В первые минуты никто не мог понять, что случилось: то ли конокрадов поймали вместе с парой золотистых рысаков и гонят на майдан, чтобы там расправиться с ними, то ли фокусник какой заморский приехал в хутор и вот всполошил народ какой-то пронзительно звенящей диковиной?
Над толпой, запрудившей улицу, широкий в плечах, с хмурым худощавым лицом и черным чубом, выглядывавшим из-под нового картуза, возвышался молодой парень — Яшка Загорулькин. Невозмутимо сидя на чем-то высоком и натянув вожжи, он то и дело властно покрикивал: «Берегись!», и голубая атласная рубаха его ослепительно блестела на солнце.
За ним красным околышком картуза мелькала в толпе голова Нефеда Мироныча Загорулькина, первого на хуторе казака. Он и был причиной всполоха кундрючевцев, вздумав праздничным днем, в обеденный час, пробовать на бурьяне свою обнову — чужестранную лобогрейку.

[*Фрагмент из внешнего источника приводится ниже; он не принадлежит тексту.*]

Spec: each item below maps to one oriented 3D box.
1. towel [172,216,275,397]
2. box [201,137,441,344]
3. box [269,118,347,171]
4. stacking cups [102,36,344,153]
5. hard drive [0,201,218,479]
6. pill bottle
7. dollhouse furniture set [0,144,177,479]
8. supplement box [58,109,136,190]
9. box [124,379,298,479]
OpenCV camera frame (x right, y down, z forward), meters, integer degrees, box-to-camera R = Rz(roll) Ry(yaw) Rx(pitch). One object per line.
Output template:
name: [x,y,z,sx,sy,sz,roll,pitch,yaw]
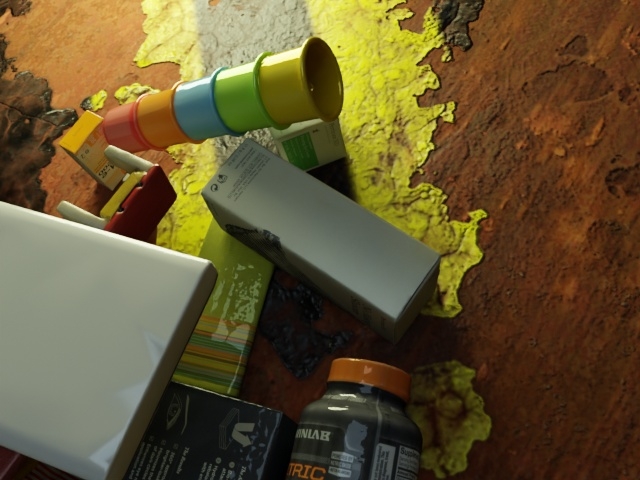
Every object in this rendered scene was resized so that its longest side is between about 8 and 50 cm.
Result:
towel: [-0.118,0.072,0.812,0.102,0.021,0.237,12,68,9]
box: [0.000,0.000,0.761,0.275,0.113,0.094,33,74,19]
box: [-0.025,-0.158,0.850,0.087,0.101,0.102,-22,66,0]
stacking cups: [-0.128,-0.163,0.794,0.316,0.096,0.096,-6,63,31]
hard drive: [-0.283,0.075,0.611,0.318,0.040,0.210,15,64,15]
pill bottle: [0.029,0.245,0.645,0.130,0.130,0.246,7,67,14]
dollhouse furniture set: [-0.251,0.111,0.727,0.152,0.201,0.374,23,66,19]
supplement box: [-0.301,-0.121,0.885,0.036,0.098,0.062,28,75,24]
box: [-0.124,0.245,0.692,0.158,0.093,0.156,12,69,16]
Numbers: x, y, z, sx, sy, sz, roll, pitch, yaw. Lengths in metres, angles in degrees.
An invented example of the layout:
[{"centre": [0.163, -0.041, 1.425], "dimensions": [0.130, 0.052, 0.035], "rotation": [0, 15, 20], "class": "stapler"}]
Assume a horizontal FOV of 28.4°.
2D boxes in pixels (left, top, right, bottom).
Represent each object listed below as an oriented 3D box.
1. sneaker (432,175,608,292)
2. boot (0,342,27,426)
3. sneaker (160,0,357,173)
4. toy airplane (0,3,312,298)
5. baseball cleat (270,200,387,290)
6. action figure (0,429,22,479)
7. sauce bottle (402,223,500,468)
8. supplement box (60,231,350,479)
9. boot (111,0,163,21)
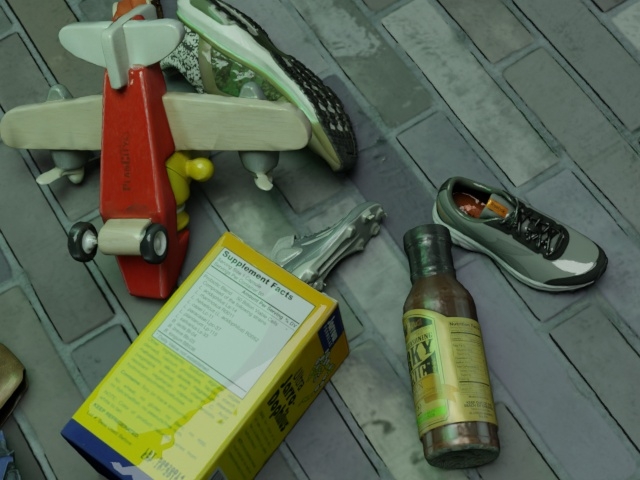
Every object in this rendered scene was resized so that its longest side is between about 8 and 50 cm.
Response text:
[{"centre": [0.285, -0.011, 1.828], "dimensions": [0.271, 0.108, 0.100], "rotation": [24, 67, 16], "class": "sneaker"}, {"centre": [-0.544, 0.269, 1.795], "dimensions": [0.115, 0.112, 0.305], "rotation": [36, 71, 10], "class": "boot"}, {"centre": [-0.109, -0.219, 1.989], "dimensions": [0.410, 0.158, 0.182], "rotation": [45, 107, 22], "class": "sneaker"}, {"centre": [-0.251, -0.159, 1.875], "dimensions": [0.386, 0.272, 0.384], "rotation": [46, 109, 10], "class": "toy airplane"}, {"centre": [0.000, 0.000, 1.877], "dimensions": [0.109, 0.072, 0.206], "rotation": [29, 61, 34], "class": "baseball cleat"}, {"centre": [-0.454, 0.429, 1.706], "dimensions": [0.330, 0.178, 0.341], "rotation": [-13, 33, -6], "class": "action figure"}, {"centre": [0.172, 0.142, 1.766], "dimensions": [0.111, 0.111, 0.344], "rotation": [-9, 61, 2], "class": "sauce bottle"}, {"centre": [-0.146, 0.204, 1.724], "dimensions": [0.194, 0.195, 0.356], "rotation": [33, 73, 20], "class": "supplement box"}, {"centre": [-0.303, -0.354, 2.088], "dimensions": [0.084, 0.059, 0.158], "rotation": [-16, 45, 2], "class": "boot"}]

В добротных суконных шароварах с лампасами, в темно-синем пиджаке поверх белой в крапинку рубашки, Нефед Мироныч то и дело наклонялся немного вперед, с легкой небрежностью вилами освобождал полок от бурьяна и опять выпрямлялся. Его строгое лицо с черной подстриженной бородкой было серьезно-сосредоточенным, но в сверкающем взгляде настороженных глаз временами мелькала улыбка: гордился он, самый богатый и почетный хуторянин, этой редкостной машиной. Ему хотелось крикнуть им всем, казакам и мужикам: «Смотрите, завидуйте и за версту картузы скидайте перед Загорулькой!».

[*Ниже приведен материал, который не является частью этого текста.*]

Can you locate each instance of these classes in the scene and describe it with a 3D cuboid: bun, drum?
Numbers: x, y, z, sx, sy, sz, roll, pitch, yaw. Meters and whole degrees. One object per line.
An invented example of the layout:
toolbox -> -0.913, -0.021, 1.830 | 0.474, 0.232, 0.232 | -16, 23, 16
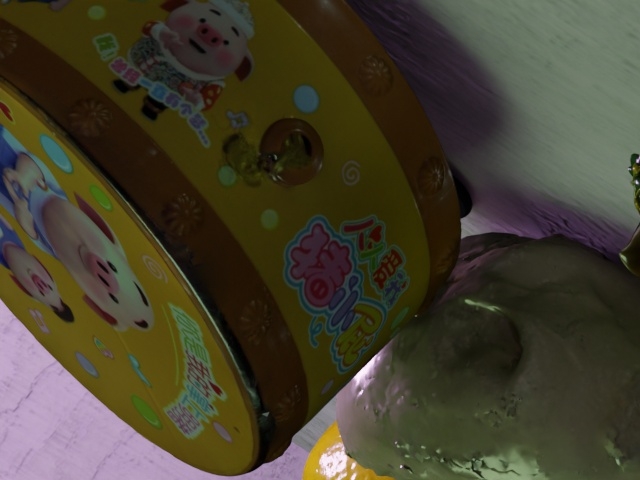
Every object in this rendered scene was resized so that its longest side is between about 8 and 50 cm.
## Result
bun -> 0.198, 0.128, 1.570 | 0.362, 0.234, 0.326 | 10, 164, 32
drum -> -0.117, -0.048, 1.412 | 0.431, 0.214, 0.431 | 39, 157, 20

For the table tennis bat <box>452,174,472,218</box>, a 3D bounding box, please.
table tennis bat -> 0.049, -0.071, 1.592 | 0.150, 0.027, 0.236 | 21, 168, 20

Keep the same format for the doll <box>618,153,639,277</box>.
doll -> 0.234, -0.009, 1.217 | 0.076, 0.113, 0.078 | -23, 133, 30

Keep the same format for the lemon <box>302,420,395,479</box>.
lemon -> 0.115, 0.345, 2.597 | 0.284, 0.260, 0.260 | 32, 168, 9
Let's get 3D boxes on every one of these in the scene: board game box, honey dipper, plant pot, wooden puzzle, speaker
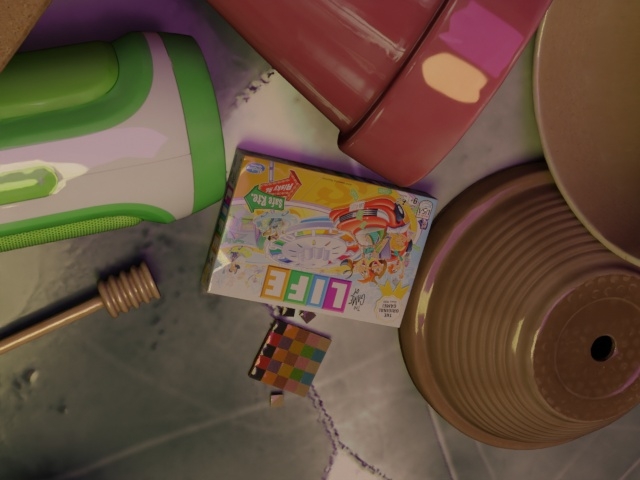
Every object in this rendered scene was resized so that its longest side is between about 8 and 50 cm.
[{"bbox_3d":[0.000,0.000,0.839,0.154,0.026,0.103,11,102,-21],"label":"board game box"},{"bbox_3d":[-0.190,0.059,0.793,0.161,0.030,0.030,-24,112,-8],"label":"honey dipper"},{"bbox_3d":[0.187,0.065,0.875,0.237,0.110,0.237,-5,108,-16],"label":"plant pot"},{"bbox_3d":[0.339,-0.120,0.819,0.274,0.256,0.256,-9,109,-33],"label":"plant pot"},{"bbox_3d":[0.031,-0.162,0.722,0.180,0.201,0.201,31,94,-8],"label":"plant pot"},{"bbox_3d":[-0.023,0.088,0.868,0.049,0.006,0.083,23,97,-23],"label":"wooden puzzle"},{"bbox_3d":[-0.214,-0.049,0.697,0.297,0.131,0.131,-12,109,-14],"label":"speaker"}]

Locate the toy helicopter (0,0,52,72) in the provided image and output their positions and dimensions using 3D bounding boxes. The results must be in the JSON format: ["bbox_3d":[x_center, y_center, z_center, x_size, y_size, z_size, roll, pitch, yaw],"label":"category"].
[{"bbox_3d":[-0.133,-0.153,0.587,0.140,0.235,0.355,38,65,-24],"label":"toy helicopter"}]
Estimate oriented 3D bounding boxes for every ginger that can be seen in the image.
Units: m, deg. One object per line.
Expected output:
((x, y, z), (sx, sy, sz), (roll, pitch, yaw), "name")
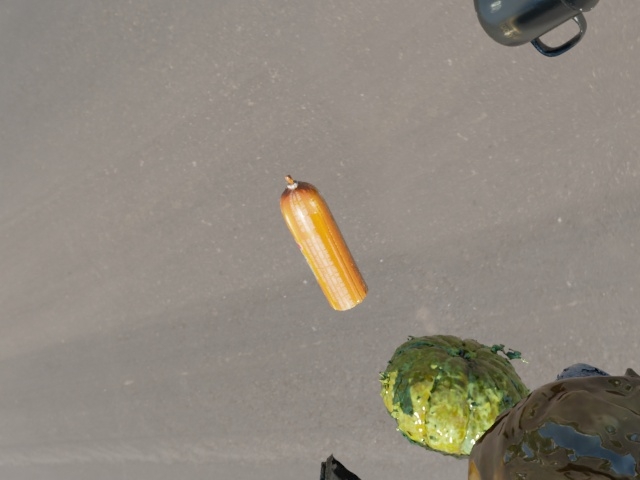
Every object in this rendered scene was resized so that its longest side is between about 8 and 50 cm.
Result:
((0.252, 0.257, 0.405), (0.269, 0.200, 0.223), (-118, 29, -61), "ginger")

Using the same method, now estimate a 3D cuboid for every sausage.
((0.000, 0.000, 0.730), (0.071, 0.071, 0.234), (-10, 120, 34), "sausage")

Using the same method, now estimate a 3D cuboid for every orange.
((0.275, 0.329, 0.976), (0.300, 0.301, 0.223), (9, 102, 21), "orange")

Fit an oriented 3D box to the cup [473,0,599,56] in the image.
((0.388, -0.422, 0.812), (0.223, 0.169, 0.176), (40, 159, -24), "cup")

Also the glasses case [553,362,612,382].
((0.388, 0.252, 0.522), (0.282, 0.067, 0.109), (46, 165, 24), "glasses case")

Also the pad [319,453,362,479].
((0.066, 0.425, 0.652), (0.022, 0.174, 0.233), (-26, 125, 22), "pad")
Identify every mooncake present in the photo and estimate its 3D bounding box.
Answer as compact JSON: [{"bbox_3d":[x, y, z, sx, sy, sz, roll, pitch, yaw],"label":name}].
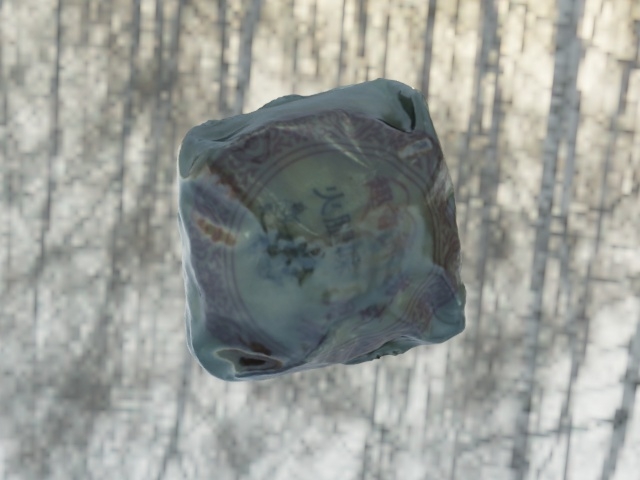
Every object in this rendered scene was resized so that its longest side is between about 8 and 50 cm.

Кум Нефеда Мироныча, атаман Калина, так и понимал его. «У самого от радости чертики прыгают в глазах, а по морде и сатана не приметит!» — завистливо думал он о счастливом обладателе невиданной машины, шагая рядом с лобогрейкой.

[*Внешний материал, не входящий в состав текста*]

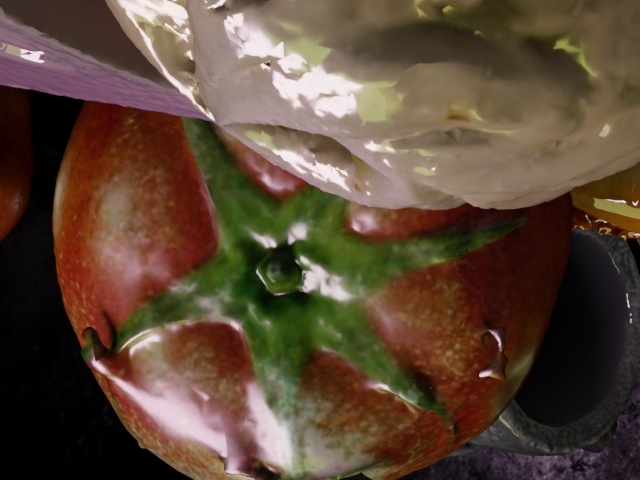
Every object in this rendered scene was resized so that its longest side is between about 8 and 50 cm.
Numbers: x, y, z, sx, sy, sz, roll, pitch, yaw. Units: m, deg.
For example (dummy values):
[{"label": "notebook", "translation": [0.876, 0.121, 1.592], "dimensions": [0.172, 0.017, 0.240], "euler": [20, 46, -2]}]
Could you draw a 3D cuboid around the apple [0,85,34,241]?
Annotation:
[{"label": "apple", "translation": [-0.321, -0.073, 0.836], "dimensions": [0.317, 0.288, 0.288], "euler": [4, 171, 39]}]

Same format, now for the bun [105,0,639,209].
[{"label": "bun", "translation": [0.020, -0.076, 0.403], "dimensions": [0.178, 0.128, 0.193], "euler": [14, 175, 43]}]

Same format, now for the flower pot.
[{"label": "flower pot", "translation": [0.159, 0.079, 1.469], "dimensions": [0.299, 0.299, 0.283], "euler": [17, 168, -39]}]

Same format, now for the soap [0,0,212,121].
[{"label": "soap", "translation": [-0.190, -0.140, 0.503], "dimensions": [0.296, 0.107, 0.285], "euler": [12, 174, 39]}]

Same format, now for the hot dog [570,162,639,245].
[{"label": "hot dog", "translation": [0.261, -0.011, 0.948], "dimensions": [0.249, 0.076, 0.102], "euler": [15, 174, 7]}]

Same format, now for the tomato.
[{"label": "tomato", "translation": [0.000, 0.000, 0.861], "dimensions": [0.303, 0.303, 0.239], "euler": [15, -167, 7]}]

А по бурьяну, по пыльной дороге валом валили взрослые и дети, мужчины и женщины, и каждый, обгоняя другого, хотел своими глазами увидать заморское чудо, собственными руками пощупать скошенный бурьян, накалывая руки, рассматривая его, и шум голосов стоял в воздухе, как на ярмарке.
Нарядно-красная с желтой отделкой лобогрейка, поблескивая лаком и золотой маркой фирмы «Мак-Кормик Диринг — 1898 г.», уходила все дальше и дальше по улице, звенящим, металлическим скрежетом пугала свиней, птицу, будила вековую тишь земли, и от ее движения у дедов щемило сердце.
— Дожилися! Железный косарь! Значится, аминь. Антихрист идет по святой Руси, — сокрушался рябоватый дедок с рыжей бородкой.
Ему сочувствовал столетний односум:
— Теперь бери свечку и ложись на лавку, помирай.
Нефед Мироныч ладонью отер капли пота со лба и гулко сказал Яшке:
— Тише, кому я сказал! Не попускай Ворона!
Яшка, мысленно чертыхнувшись, натянул новые, пахнущие дегтем вожжи и осадил жеребца. Взгляд его беспокойно устремился поверх толпы. С минуты на минуту лобогрейка поровняется с хатой Дороховых. Вон там уже кто-то вышел из калитки. Каково сейчас встретиться с Оксаной! Он, сын самого богатого человека в хуторе, сидит на кучерском месте, как батрак какой-нибудь. «Дернула же отца нелегкая хвастаться своей машиной! И колючек — как черти за ночь понасажали, ни конца им, ни краю», — досадовал он в уме, косо поглядывая на калитку Дороховых.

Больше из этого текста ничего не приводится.